The answer must be a bare number: the count of lines below that contain "from".

○ ○ ○

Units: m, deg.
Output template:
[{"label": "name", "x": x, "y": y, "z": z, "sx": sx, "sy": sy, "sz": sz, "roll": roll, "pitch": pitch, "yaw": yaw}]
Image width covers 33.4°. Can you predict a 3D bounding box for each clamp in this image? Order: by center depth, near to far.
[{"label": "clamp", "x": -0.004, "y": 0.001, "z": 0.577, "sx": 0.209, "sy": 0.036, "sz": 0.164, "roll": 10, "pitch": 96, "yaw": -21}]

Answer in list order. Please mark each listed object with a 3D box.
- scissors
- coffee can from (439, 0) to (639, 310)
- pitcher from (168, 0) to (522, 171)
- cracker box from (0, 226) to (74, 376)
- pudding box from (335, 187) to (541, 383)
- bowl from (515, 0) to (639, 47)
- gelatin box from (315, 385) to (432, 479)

○ ○ ○

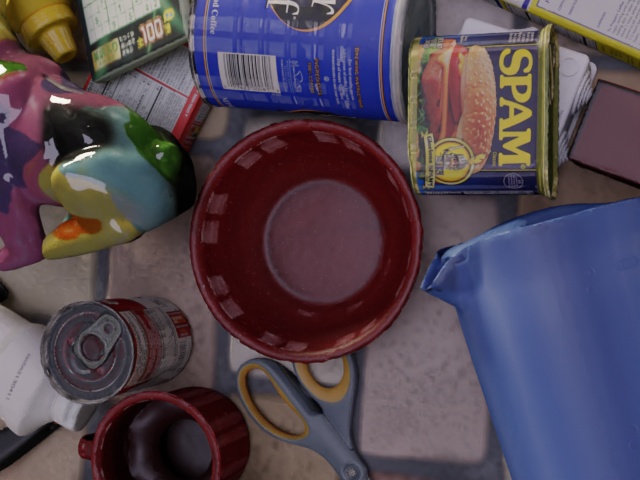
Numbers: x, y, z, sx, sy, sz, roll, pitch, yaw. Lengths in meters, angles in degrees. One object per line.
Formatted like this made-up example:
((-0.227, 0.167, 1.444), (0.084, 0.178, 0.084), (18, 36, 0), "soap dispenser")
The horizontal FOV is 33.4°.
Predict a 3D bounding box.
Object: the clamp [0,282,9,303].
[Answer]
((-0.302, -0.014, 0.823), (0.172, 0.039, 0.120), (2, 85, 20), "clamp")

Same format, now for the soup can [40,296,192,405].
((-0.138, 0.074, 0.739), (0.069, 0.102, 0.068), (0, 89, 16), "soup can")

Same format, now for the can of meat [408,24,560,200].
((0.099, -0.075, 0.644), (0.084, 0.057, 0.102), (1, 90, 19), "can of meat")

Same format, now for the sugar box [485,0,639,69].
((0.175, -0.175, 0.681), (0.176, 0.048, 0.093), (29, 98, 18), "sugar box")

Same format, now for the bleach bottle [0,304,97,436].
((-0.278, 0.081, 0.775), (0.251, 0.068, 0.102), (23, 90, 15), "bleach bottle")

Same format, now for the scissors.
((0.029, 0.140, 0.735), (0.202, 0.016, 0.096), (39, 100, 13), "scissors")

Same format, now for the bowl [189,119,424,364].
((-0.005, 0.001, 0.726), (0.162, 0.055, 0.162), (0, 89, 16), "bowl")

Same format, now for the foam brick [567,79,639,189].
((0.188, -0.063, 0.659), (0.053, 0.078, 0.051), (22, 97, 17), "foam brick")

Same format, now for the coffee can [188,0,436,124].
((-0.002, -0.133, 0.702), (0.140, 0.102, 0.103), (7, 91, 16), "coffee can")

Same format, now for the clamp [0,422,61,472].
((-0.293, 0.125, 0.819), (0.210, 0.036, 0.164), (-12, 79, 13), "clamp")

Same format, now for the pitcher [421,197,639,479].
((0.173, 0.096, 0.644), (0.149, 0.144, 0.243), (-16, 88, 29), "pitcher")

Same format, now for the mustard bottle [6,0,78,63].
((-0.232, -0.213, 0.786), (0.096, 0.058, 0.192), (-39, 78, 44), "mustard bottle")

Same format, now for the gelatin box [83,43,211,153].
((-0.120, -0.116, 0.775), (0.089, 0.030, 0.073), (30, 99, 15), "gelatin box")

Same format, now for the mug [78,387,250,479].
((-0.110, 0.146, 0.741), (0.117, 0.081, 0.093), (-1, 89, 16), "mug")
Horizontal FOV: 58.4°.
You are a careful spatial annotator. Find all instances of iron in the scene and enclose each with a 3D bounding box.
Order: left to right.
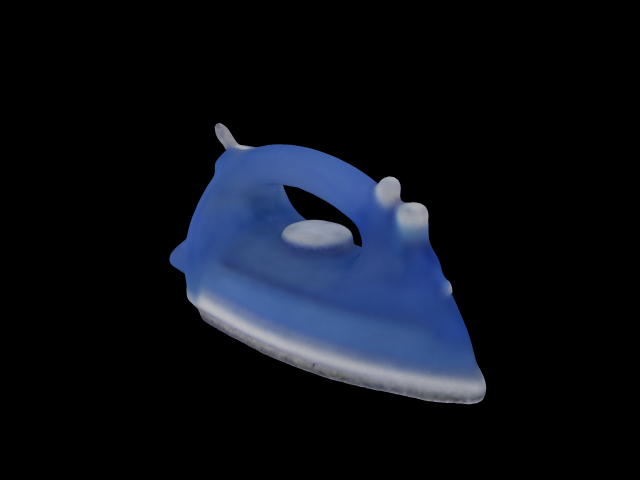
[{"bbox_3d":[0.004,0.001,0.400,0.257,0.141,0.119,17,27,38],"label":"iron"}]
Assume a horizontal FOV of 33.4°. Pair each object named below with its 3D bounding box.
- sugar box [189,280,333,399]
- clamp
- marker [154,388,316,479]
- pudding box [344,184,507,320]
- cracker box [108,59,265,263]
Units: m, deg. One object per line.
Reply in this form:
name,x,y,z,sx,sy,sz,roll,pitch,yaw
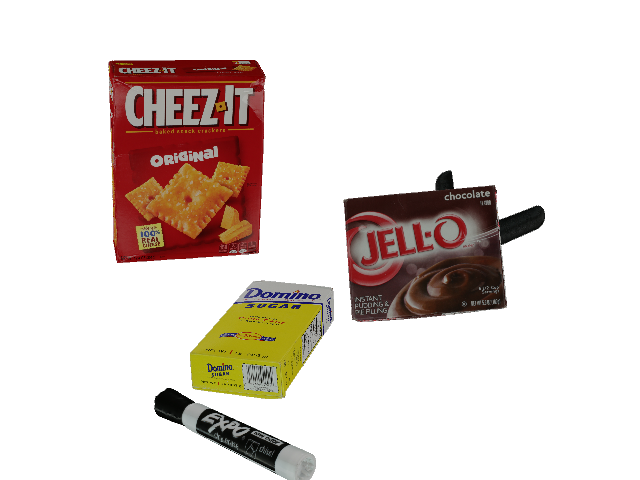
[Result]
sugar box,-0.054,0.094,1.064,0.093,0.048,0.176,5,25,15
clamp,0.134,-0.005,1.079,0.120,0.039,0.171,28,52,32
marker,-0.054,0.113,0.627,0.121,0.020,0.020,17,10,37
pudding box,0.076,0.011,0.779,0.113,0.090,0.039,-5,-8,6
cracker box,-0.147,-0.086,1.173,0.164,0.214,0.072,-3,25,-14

○ ○ ○

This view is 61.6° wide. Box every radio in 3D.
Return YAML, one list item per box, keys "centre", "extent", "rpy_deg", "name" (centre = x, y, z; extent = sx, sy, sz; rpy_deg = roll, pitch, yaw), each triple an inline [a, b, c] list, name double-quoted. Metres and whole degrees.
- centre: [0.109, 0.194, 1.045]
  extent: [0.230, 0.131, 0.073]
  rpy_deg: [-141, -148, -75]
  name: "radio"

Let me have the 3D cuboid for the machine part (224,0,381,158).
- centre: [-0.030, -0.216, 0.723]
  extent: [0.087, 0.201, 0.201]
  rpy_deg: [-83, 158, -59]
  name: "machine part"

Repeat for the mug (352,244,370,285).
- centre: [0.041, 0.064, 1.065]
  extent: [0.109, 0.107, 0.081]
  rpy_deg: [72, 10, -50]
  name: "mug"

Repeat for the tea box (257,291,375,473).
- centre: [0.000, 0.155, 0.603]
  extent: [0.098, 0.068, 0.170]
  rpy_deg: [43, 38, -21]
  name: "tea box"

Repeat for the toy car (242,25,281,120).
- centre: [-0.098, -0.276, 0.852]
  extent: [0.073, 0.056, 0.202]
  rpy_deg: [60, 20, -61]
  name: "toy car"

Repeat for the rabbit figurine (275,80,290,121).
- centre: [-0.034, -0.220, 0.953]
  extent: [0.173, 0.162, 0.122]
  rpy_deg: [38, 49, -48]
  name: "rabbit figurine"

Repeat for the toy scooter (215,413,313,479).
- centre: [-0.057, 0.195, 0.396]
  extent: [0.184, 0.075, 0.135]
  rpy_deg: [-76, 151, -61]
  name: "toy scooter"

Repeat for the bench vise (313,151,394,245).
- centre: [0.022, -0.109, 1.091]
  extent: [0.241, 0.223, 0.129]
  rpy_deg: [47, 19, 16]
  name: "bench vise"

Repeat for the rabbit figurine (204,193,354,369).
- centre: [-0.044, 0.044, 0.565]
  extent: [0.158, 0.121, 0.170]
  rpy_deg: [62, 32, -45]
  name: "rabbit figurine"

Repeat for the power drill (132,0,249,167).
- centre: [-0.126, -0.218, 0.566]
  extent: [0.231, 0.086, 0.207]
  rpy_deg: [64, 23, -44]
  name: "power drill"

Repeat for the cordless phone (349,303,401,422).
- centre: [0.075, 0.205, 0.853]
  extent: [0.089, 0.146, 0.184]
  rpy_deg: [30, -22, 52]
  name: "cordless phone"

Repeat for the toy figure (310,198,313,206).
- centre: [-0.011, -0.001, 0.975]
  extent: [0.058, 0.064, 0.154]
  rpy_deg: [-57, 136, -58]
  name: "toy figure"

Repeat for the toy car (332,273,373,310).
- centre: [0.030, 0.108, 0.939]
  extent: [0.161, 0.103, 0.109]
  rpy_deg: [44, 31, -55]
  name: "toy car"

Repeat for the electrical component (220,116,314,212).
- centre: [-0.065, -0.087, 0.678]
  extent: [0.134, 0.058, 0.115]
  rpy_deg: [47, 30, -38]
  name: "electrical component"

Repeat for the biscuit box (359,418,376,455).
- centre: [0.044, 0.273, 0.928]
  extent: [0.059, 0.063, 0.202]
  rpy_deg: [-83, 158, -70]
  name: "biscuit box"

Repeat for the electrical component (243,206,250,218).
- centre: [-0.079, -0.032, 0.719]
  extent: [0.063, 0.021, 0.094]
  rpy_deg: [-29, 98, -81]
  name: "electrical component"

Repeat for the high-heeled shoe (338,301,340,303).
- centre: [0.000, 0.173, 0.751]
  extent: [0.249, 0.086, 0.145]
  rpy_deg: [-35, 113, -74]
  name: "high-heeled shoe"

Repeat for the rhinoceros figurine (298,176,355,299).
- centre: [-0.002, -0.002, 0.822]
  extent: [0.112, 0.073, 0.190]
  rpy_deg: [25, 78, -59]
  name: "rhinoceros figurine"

○ ○ ○

## Solution to this exercise
6